Im vorliegenden Falle hat der Kläger 1950 von der bis dahin bewirtschafteten Fläche von 6 ha weit mehr als ein Viertel, nämlich 4, 12 ha, zurückbehalten. Es hat also im Jahre 1950 keine Entäußerung stattgefunden. Geht man aber von einer Entäußerung in Jahre 1950 aus, so fehlt es für die Zubilligung des Altersgeldes einmal, von der Entäußerung an gesehen, an einer 15 jährigen Bewirtschaftung als Unternehmer im Sinne des § 1 GAL aF (§ 25 Abs. 1 GAL aF). Zum anderen war der Kläger vom 1. Oktober 1957 bis zum 28. Februar 1958 kein beitragspflichtiger Unternehmer, da er wegen Bezuges seiner Rente gemäß § 8 Abs. 4 GAL beitragsfrei war. Für die Zeit bis zum 31. Dezember 1961 ist die Klage daher abzuweisen.
Ob für die Zeit vom 1. Januar 1962 an ein Altersgeldanspruch gegeben ist, kann aus den bisherigen Feststellungen nicht entnommen werden. Nach dieser war der Kläger hauptberuflicher landwirtschaftlicher Unternehmer im Sinne des § 1 GAL für die Zeit von 1933 bis 1950. Er war dies also am 1. Oktober 1957 nicht mehr. Wenn er nun inzwischen das Unternehmen abgegeben hat (das Gesetz verlangt nicht, daß die Abgabe bereits in dem Zeitpunkt erfolgt, in dem das Unternehmen keine dauerhafte Existenzgrundlage mehr bietet), könnten die Voraussetzungen eines Alterzgeldanspruchs nach § 26 Abs. 1 GAL nF erfüllt sein. Nach § 2 Abs. 6 GAL nF ist jetzt die Zurückbehaltung eines Teils bis zu 25 v.H. der nach § 1 Abs. 4 GAL nF festzusetzenden Mindesthöhe unschädlich (vgl. oben). Da die letztere jedoch nicht ersichtlich ist, kann der Senat nicht prüfen, ob die zurückbehaltenen 2,5 ha ein Viertel dieses Satzes überschreiten. Weiter ist § 26 Abs. 3 GAL nF zu beachten. Hiernach ist bei verheirateten Unternehmern, die keine Abkömmlinge haben, die Voraussetzung der Abgabe auch dann erfüllt, wenn der Einheitswert oder der Arbeitsbedarf des nicht abgegebenen Teils 50 v.H. der Mindesthöhe des § 1 Abs. 4 GAL nF nicht überschreitet. Hierzu sagt der Tatbestand des angefochtenen Urteils nichts, außer daß der Kläger verheiratet ist.

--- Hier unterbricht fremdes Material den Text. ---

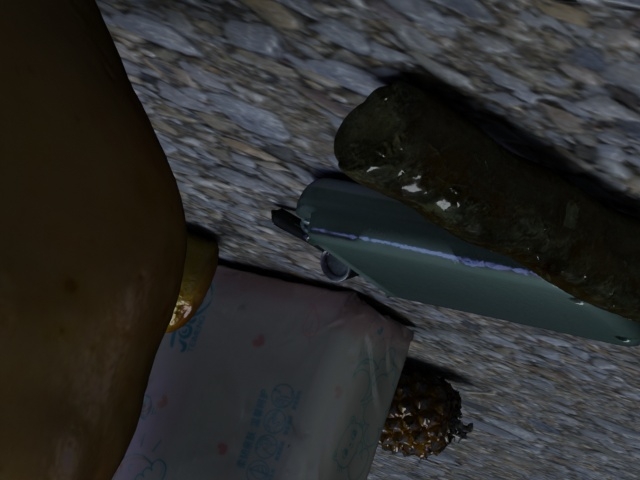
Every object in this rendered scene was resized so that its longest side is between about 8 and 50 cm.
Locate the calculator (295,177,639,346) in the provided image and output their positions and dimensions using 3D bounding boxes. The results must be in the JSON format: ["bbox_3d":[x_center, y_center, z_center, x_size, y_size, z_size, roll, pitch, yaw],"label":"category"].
[{"bbox_3d":[0.097,0.014,1.213,0.246,0.045,0.141,12,167,34],"label":"calculator"}]

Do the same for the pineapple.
[{"bbox_3d":[0.035,0.146,1.833,0.221,0.103,0.083,17,135,13],"label":"pineapple"}]

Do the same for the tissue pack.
[{"bbox_3d":[-0.061,0.167,1.628,0.201,0.271,0.124,12,167,28],"label":"tissue pack"}]

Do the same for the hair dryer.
[{"bbox_3d":[0.000,0.000,1.345,0.083,0.026,0.047,27,-156,28],"label":"hair dryer"}]

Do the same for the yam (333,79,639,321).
[{"bbox_3d":[0.118,-0.010,1.034,0.253,0.061,0.061,26,167,-33],"label":"yam"}]

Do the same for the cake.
[{"bbox_3d":[-0.112,0.032,1.555,0.044,0.084,0.084,28,167,-10],"label":"cake"}]

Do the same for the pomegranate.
[{"bbox_3d":[-0.270,-0.008,0.834,0.411,0.411,0.411,18,169,4],"label":"pomegranate"}]

Das Urteil des LSG muß daher insoweit aufgehoben und die Sache zur erneuten Verhandlung und Entscheidung an das LSG zurückverwiesen werden, als es sich um den Anspruch vom 1. Januar 1962 an handelt.
Dem LSG bleibt auch die Entscheidung über die Kosten des Revisionsverfahrens überlassen.